═════ Data ═════
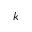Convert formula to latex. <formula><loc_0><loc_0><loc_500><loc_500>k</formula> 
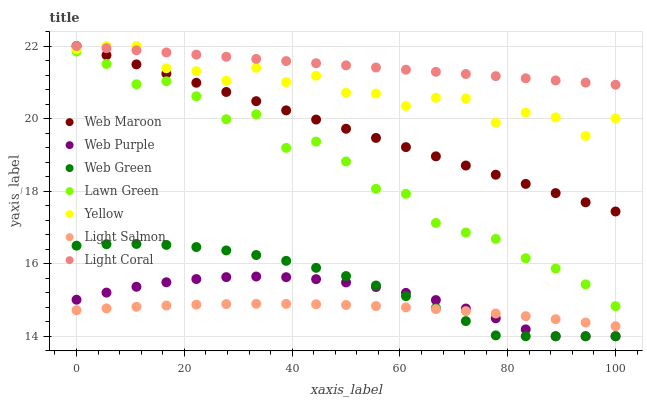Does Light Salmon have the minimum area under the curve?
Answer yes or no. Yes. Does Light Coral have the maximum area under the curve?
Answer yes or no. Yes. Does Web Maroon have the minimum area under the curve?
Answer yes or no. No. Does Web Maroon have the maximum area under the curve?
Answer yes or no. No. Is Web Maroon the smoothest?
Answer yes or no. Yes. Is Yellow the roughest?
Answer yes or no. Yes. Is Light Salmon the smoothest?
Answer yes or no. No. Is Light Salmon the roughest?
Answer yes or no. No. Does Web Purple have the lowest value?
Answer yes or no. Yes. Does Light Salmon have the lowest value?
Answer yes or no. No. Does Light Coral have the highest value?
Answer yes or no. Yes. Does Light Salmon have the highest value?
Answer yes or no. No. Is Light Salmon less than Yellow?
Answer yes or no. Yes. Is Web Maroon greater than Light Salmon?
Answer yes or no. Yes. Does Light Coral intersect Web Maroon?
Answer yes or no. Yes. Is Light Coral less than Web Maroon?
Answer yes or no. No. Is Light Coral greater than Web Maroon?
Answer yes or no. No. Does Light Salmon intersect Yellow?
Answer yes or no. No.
═════
## Brief:
Scan the entries above, and wherever a line holds the string "roughest", copy it.

## Exercise response:
Answer yes or no. Yes. Is Yellow the roughest?
Answer yes or no. No. Is Light Salmon the roughest?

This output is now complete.